══ Data supplied ══

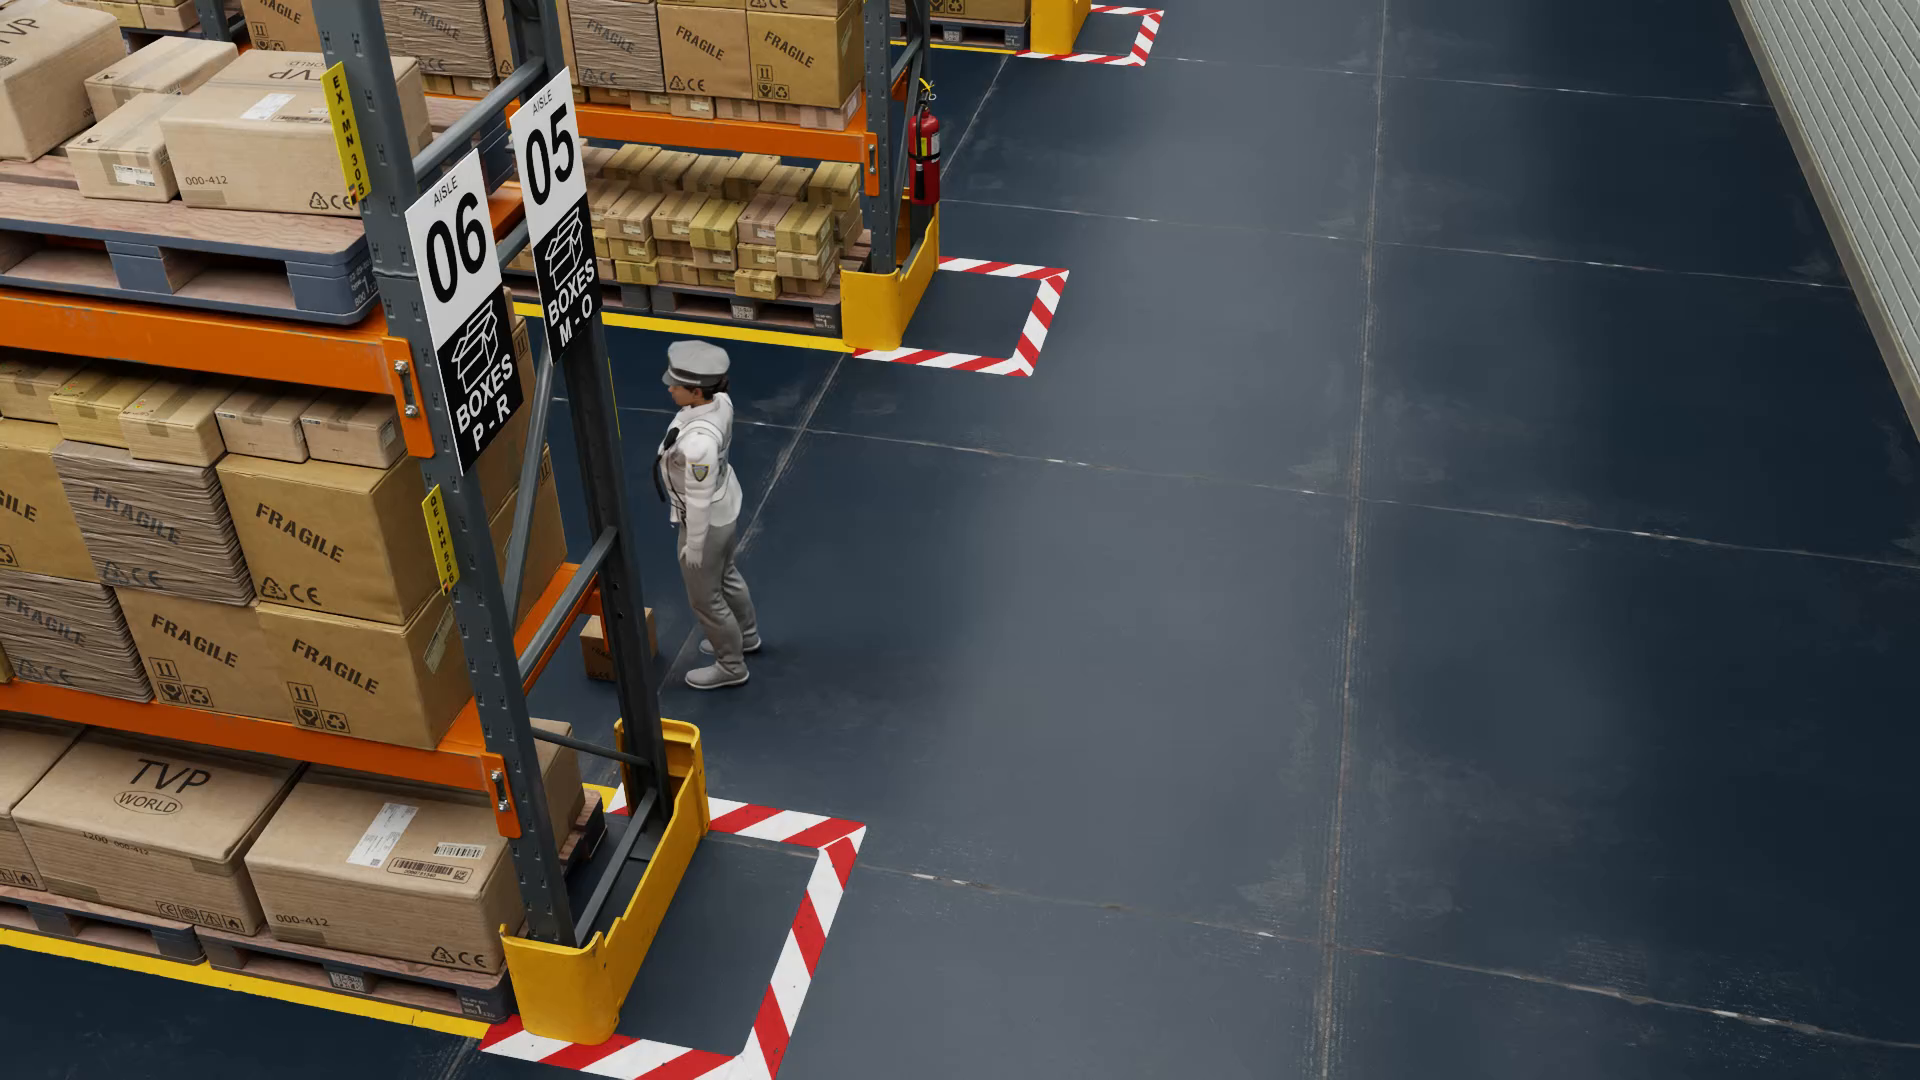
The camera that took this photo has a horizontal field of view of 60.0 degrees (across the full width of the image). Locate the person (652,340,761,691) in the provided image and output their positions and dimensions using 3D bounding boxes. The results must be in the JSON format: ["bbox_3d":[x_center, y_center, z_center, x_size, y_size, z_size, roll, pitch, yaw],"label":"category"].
[{"bbox_3d":[-1.085,-0.084,7.078,0.337,1.687,0.467,1,37,1],"label":"person"}]
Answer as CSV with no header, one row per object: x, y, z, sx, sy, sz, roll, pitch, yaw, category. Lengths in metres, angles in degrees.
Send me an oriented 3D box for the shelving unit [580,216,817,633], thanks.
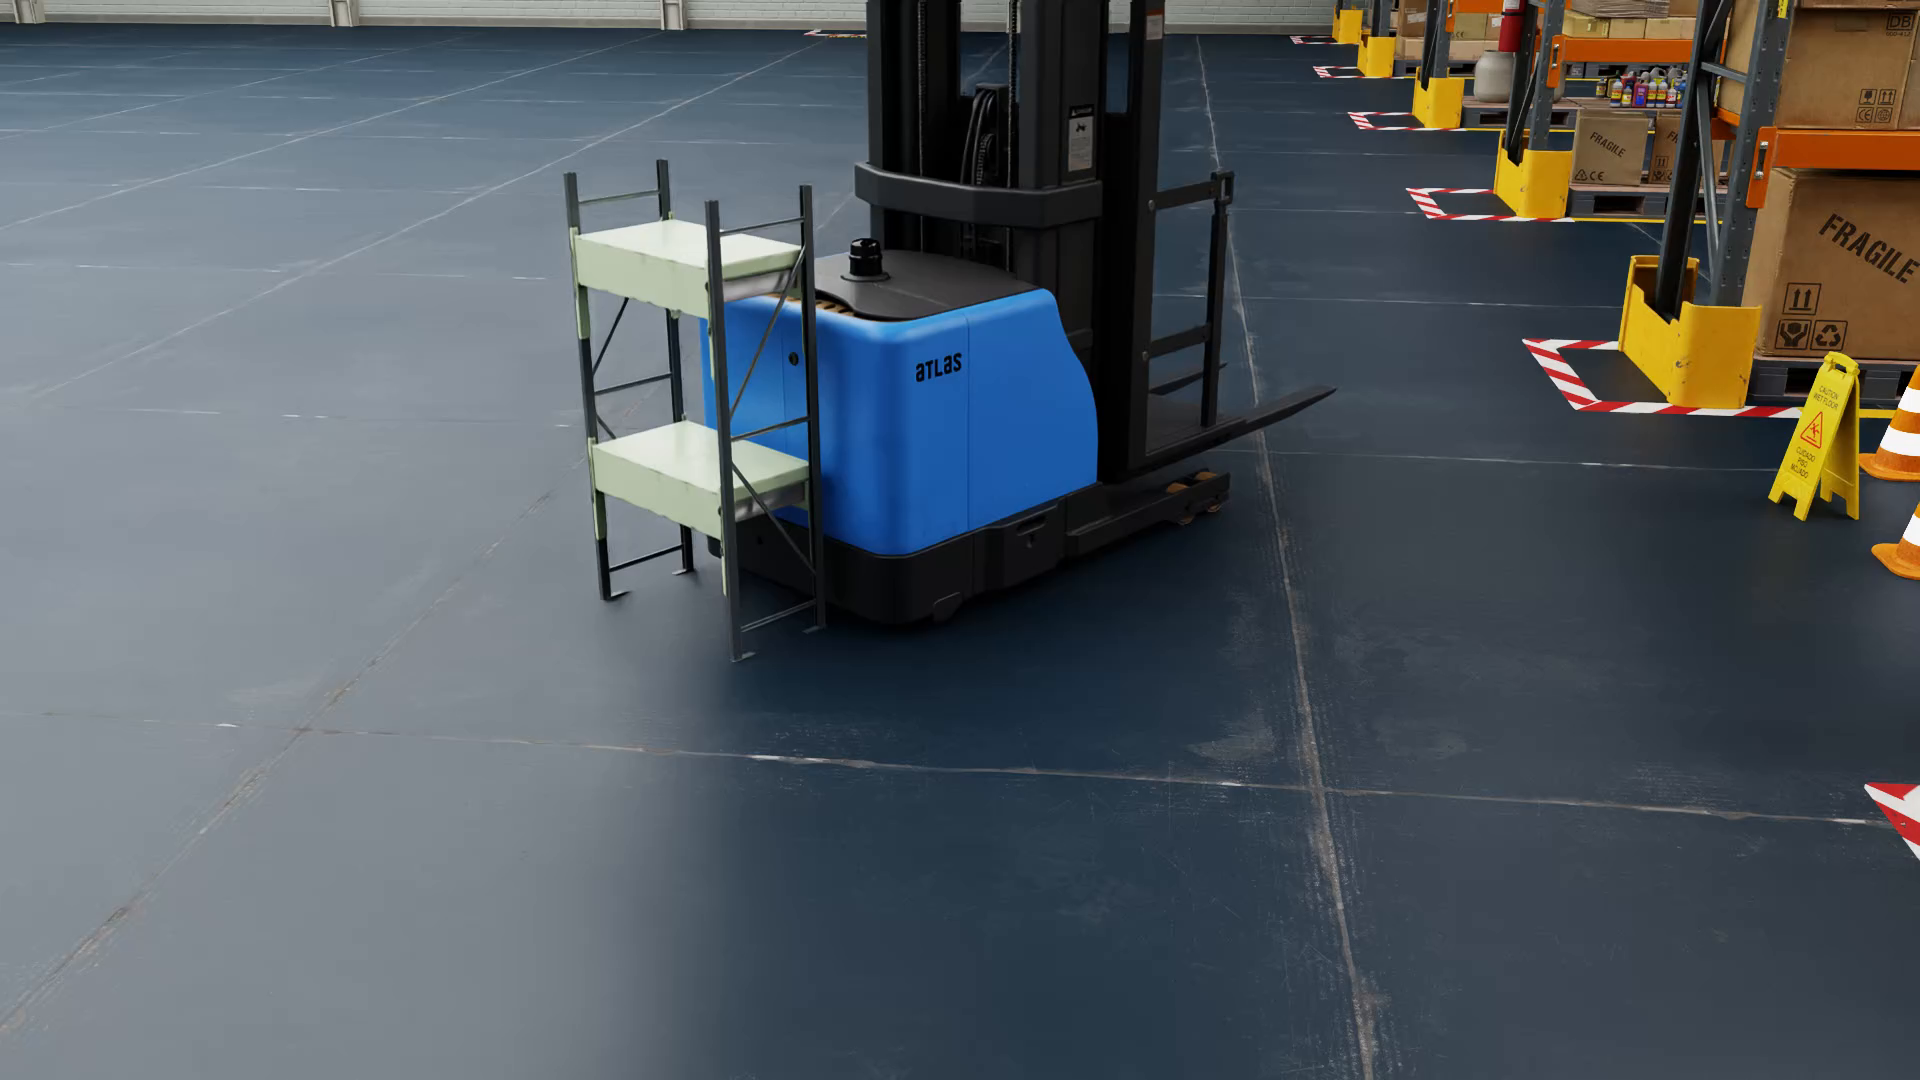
-0.864,-0.441,5.515,0.731,1.308,0.431,19,29,40,shelving unit

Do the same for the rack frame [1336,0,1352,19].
5.579,-8.976,21.245,0.127,5.808,10.885,2,22,6,rack frame

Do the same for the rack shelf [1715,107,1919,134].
5.713,-1.946,7.897,3.809,0.052,0.919,2,22,6,rack shelf

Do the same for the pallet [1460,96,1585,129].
5.881,-4.537,17.630,1.213,0.211,1.003,2,22,6,pallet

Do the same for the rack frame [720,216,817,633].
-0.605,-0.349,5.282,0.010,1.308,0.380,19,29,40,rack frame

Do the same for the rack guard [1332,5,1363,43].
6.236,-8.309,26.776,0.348,0.500,1.175,2,22,6,rack guard

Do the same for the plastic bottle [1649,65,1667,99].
7.419,-4.878,17.703,0.185,0.351,0.144,3,22,9,plastic bottle

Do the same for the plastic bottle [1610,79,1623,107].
6.758,-4.601,17.110,0.097,0.271,0.097,0,22,0,plastic bottle

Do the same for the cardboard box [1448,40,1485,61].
6.584,-6.458,21.863,0.500,0.250,0.500,2,22,6,cardboard box

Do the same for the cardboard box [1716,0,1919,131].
4.101,-2.313,8.006,0.550,0.550,0.875,2,22,6,cardboard box

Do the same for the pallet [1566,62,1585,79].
7.553,-6.298,22.082,1.213,0.211,1.003,2,22,6,pallet

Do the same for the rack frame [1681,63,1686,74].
9.553,-7.493,21.312,0.127,3.000,1.000,2,22,6,rack frame

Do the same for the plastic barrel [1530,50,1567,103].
6.155,-4.874,17.500,0.421,0.512,0.421,0,22,0,plastic barrel

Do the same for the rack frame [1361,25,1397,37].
7.038,-8.126,26.708,1.213,0.211,1.003,2,22,6,rack frame

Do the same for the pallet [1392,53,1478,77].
6.345,-6.351,22.218,1.213,0.211,1.003,2,22,6,pallet

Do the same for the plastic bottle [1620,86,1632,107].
6.861,-4.564,17.112,0.097,0.201,0.097,0,22,0,plastic bottle

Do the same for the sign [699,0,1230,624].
0.047,-1.333,5.966,2.025,2.768,2.177,2,22,6,sign

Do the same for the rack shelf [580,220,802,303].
-0.868,-0.896,5.339,0.686,0.124,0.368,19,29,40,rack shelf

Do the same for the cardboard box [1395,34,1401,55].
6.148,-6.667,22.392,0.500,0.250,0.500,2,22,6,cardboard box

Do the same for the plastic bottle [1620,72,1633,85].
7.117,-4.855,17.747,0.135,0.276,0.152,3,22,7,plastic bottle

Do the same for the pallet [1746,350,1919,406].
4.531,-0.940,8.530,1.213,0.211,1.003,2,22,6,pallet

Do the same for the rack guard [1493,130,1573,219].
4.487,-2.883,13.053,0.348,0.500,1.175,2,22,6,rack guard

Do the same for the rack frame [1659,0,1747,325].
3.728,-2.244,8.035,0.053,2.616,0.949,2,22,6,rack frame

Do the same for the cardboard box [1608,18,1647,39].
4.912,-3.815,12.352,0.250,0.149,0.380,2,22,6,cardboard box

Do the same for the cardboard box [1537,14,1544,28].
7.577,-6.761,21.610,0.500,0.500,0.500,2,22,6,cardboard box

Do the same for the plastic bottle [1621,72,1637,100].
7.105,-4.820,17.647,0.133,0.283,0.061,2,22,6,plastic bottle

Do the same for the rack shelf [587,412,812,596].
-0.868,-0.139,5.638,0.720,0.370,0.431,19,29,40,rack shelf

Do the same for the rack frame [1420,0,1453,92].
4.994,-5.857,17.176,0.127,3.000,1.000,2,22,6,rack frame

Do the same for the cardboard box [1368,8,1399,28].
6.837,-8.366,26.580,0.500,0.311,0.500,0,22,0,cardboard box

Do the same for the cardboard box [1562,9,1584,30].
4.719,-3.995,12.807,0.250,0.149,0.380,2,22,6,cardboard box

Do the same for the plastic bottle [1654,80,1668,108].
7.198,-4.582,17.062,0.097,0.271,0.097,0,22,0,plastic bottle

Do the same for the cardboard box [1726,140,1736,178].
6.247,-3.001,12.781,0.500,0.500,0.500,5,22,11,cardboard box

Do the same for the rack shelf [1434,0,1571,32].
6.980,-5.436,17.089,4.000,0.370,1.077,2,22,6,rack shelf

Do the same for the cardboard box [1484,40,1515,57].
7.081,-6.436,21.808,0.500,0.250,0.500,2,22,6,cardboard box

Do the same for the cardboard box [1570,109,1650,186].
5.029,-3.049,12.900,0.500,0.500,0.500,7,23,16,cardboard box

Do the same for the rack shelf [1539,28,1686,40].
6.397,-3.752,12.466,3.809,0.052,0.919,2,22,6,rack shelf

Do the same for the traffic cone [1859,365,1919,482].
4.088,-0.521,7.129,0.334,0.463,0.336,2,22,6,traffic cone

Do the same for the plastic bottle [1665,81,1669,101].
7.449,-4.763,17.615,0.097,0.201,0.097,0,22,0,plastic bottle

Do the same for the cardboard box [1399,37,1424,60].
6.087,-6.478,21.914,0.500,0.250,0.500,2,22,6,cardboard box

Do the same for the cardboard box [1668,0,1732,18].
5.465,-4.222,12.499,0.500,0.500,0.875,2,22,6,cardboard box

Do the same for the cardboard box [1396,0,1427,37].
6.148,-7.017,22.256,0.500,0.500,0.500,2,22,6,cardboard box

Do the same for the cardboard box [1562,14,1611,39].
4.666,-3.833,12.397,0.250,0.149,0.380,2,22,6,cardboard box

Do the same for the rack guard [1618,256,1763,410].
3.703,-1.081,8.495,0.348,0.500,1.175,2,22,6,rack guard

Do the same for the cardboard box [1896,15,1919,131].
4.650,-2.297,7.966,0.550,0.550,0.875,2,22,6,cardboard box

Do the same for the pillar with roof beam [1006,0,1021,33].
0.492,-11.238,22.625,0.400,9.000,9.100,2,22,6,pillar with roof beam

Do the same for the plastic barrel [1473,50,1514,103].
5.657,-4.895,17.555,0.421,0.512,0.421,0,22,0,plastic barrel

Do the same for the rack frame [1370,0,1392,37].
5.581,-7.666,21.750,0.127,3.000,1.000,2,22,6,rack frame

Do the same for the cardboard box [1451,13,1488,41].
9.523,-6.671,21.382,6.424,0.500,0.536,2,22,6,cardboard box

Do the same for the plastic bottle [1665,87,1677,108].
7.296,-4.545,17.064,0.097,0.201,0.097,0,22,0,plastic bottle

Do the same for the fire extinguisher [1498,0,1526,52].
4.352,-4.186,13.054,0.183,0.674,0.296,2,22,6,fire extinguisher

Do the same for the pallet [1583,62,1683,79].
8.768,-6.246,21.951,1.213,0.211,1.003,2,22,6,pallet

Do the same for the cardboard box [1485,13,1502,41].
7.082,-6.789,21.680,0.500,0.500,0.500,2,22,6,cardboard box

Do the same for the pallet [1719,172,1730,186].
6.498,-2.647,12.849,1.213,0.211,1.003,2,22,6,pallet

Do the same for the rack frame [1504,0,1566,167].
4.411,-4.049,12.602,0.127,3.000,1.000,2,22,6,rack frame

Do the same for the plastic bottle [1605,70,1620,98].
6.988,-4.881,17.802,0.133,0.283,0.061,3,22,8,plastic bottle

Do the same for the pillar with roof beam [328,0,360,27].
-11.424,-11.757,23.939,0.400,9.000,9.100,2,22,6,pillar with roof beam

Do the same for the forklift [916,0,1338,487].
0.448,-1.535,6.335,1.121,2.935,3.031,19,29,40,forklift

═══

- **How to complete this task**: Beginning at the line that holds "Do the same for the fire", reproduce the lines exactly up to and including the final line of the entries.

- **Final answer**:
Do the same for the fire extinguisher [1498,0,1526,52].
4.352,-4.186,13.054,0.183,0.674,0.296,2,22,6,fire extinguisher

Do the same for the pallet [1583,62,1683,79].
8.768,-6.246,21.951,1.213,0.211,1.003,2,22,6,pallet

Do the same for the cardboard box [1485,13,1502,41].
7.082,-6.789,21.680,0.500,0.500,0.500,2,22,6,cardboard box

Do the same for the pallet [1719,172,1730,186].
6.498,-2.647,12.849,1.213,0.211,1.003,2,22,6,pallet

Do the same for the rack frame [1504,0,1566,167].
4.411,-4.049,12.602,0.127,3.000,1.000,2,22,6,rack frame

Do the same for the plastic bottle [1605,70,1620,98].
6.988,-4.881,17.802,0.133,0.283,0.061,3,22,8,plastic bottle

Do the same for the pillar with roof beam [328,0,360,27].
-11.424,-11.757,23.939,0.400,9.000,9.100,2,22,6,pillar with roof beam

Do the same for the forklift [916,0,1338,487].
0.448,-1.535,6.335,1.121,2.935,3.031,19,29,40,forklift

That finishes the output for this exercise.